**Requirement**
There is material below. Print exactly the lines starting at the line with "Numbers: x, y, z, sx, sy, sz, roll, pitch, yaw. Lengths" and ending at the line with "Requirement: the forklift", ends included, and no others.

**Data extracts**
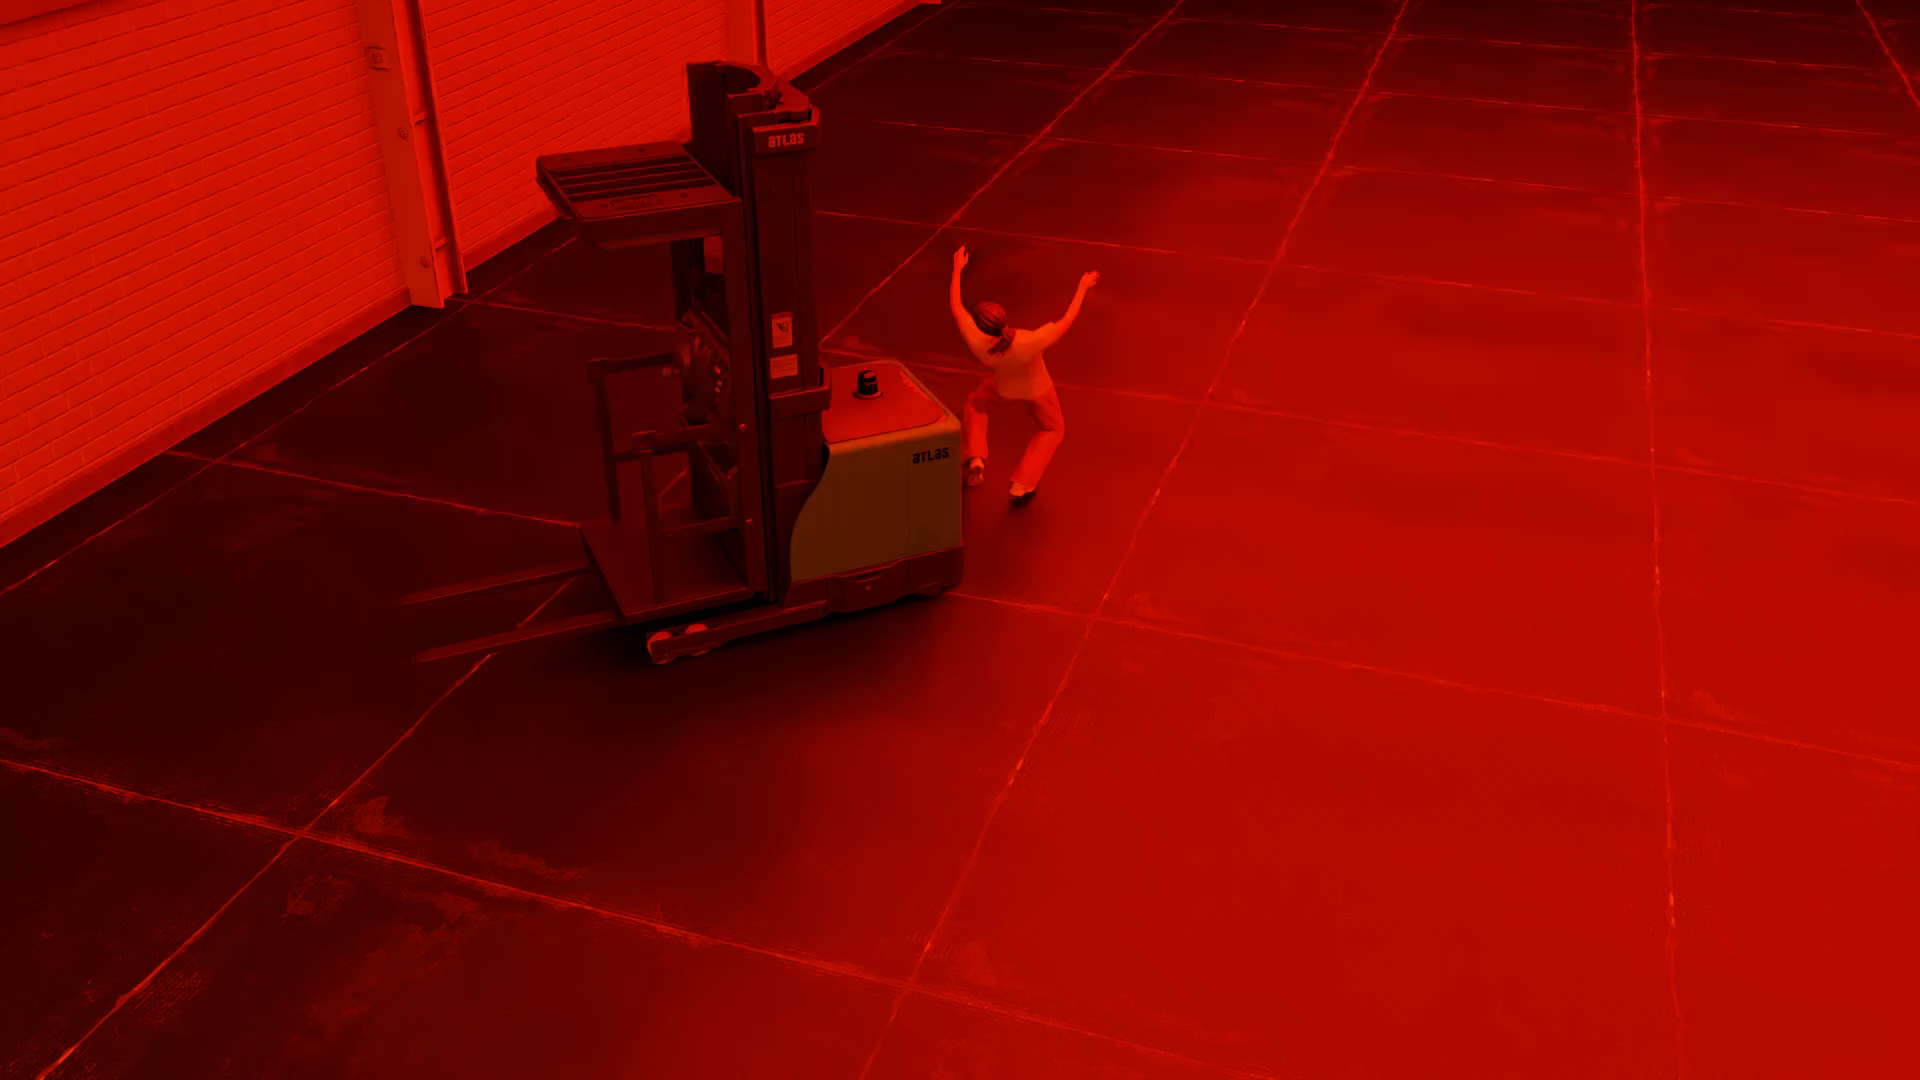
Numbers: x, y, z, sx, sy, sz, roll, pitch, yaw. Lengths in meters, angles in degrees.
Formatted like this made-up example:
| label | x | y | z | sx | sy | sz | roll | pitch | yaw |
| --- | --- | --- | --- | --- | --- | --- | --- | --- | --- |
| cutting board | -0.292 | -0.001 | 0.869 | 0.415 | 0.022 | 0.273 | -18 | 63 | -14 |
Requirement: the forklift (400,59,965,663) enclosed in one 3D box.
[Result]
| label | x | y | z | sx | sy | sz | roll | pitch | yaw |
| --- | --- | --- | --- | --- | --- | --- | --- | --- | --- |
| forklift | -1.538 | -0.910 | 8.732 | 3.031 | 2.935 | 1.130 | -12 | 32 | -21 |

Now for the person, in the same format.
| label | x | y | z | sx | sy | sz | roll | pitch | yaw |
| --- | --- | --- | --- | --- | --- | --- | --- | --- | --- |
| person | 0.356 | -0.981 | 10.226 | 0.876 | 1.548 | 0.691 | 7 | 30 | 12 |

...

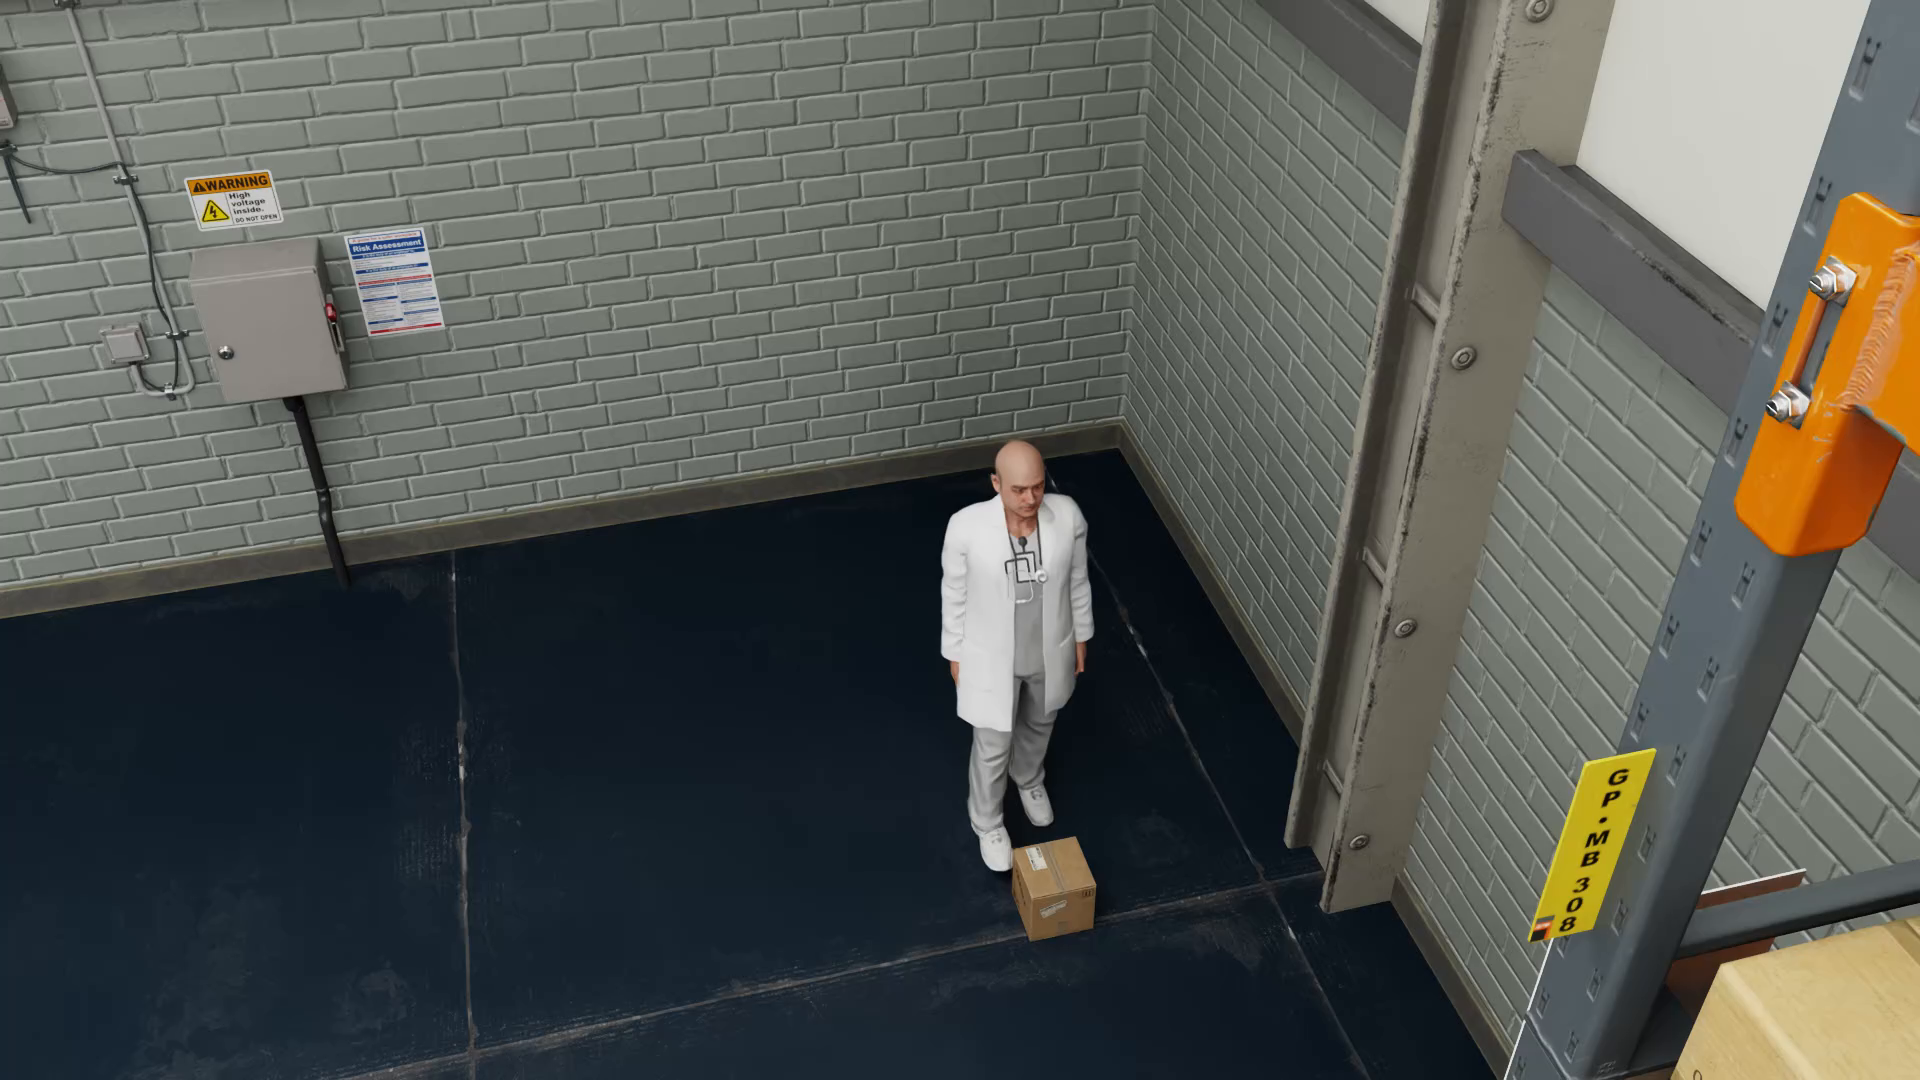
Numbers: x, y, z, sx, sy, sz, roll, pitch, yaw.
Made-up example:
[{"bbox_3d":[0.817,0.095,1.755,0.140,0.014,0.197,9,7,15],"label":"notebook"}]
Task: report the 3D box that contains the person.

**Written reply**
Numbers: x, y, z, sx, sy, sz, roll, pitch, yaw. Lengths in meters, angles in degrees.
Formatted like this made-up example:
| label | x | y | z | sx | sy | sz | roll | pitch | yaw |
| --- | --- | --- | --- | --- | --- | --- | --- | --- | --- |
| cutting board | -0.292 | -0.001 | 0.869 | 0.415 | 0.022 | 0.273 | -18 | 63 | -14 |
Requirement: the forklift (400,59,965,663) enclosed in one 3D box.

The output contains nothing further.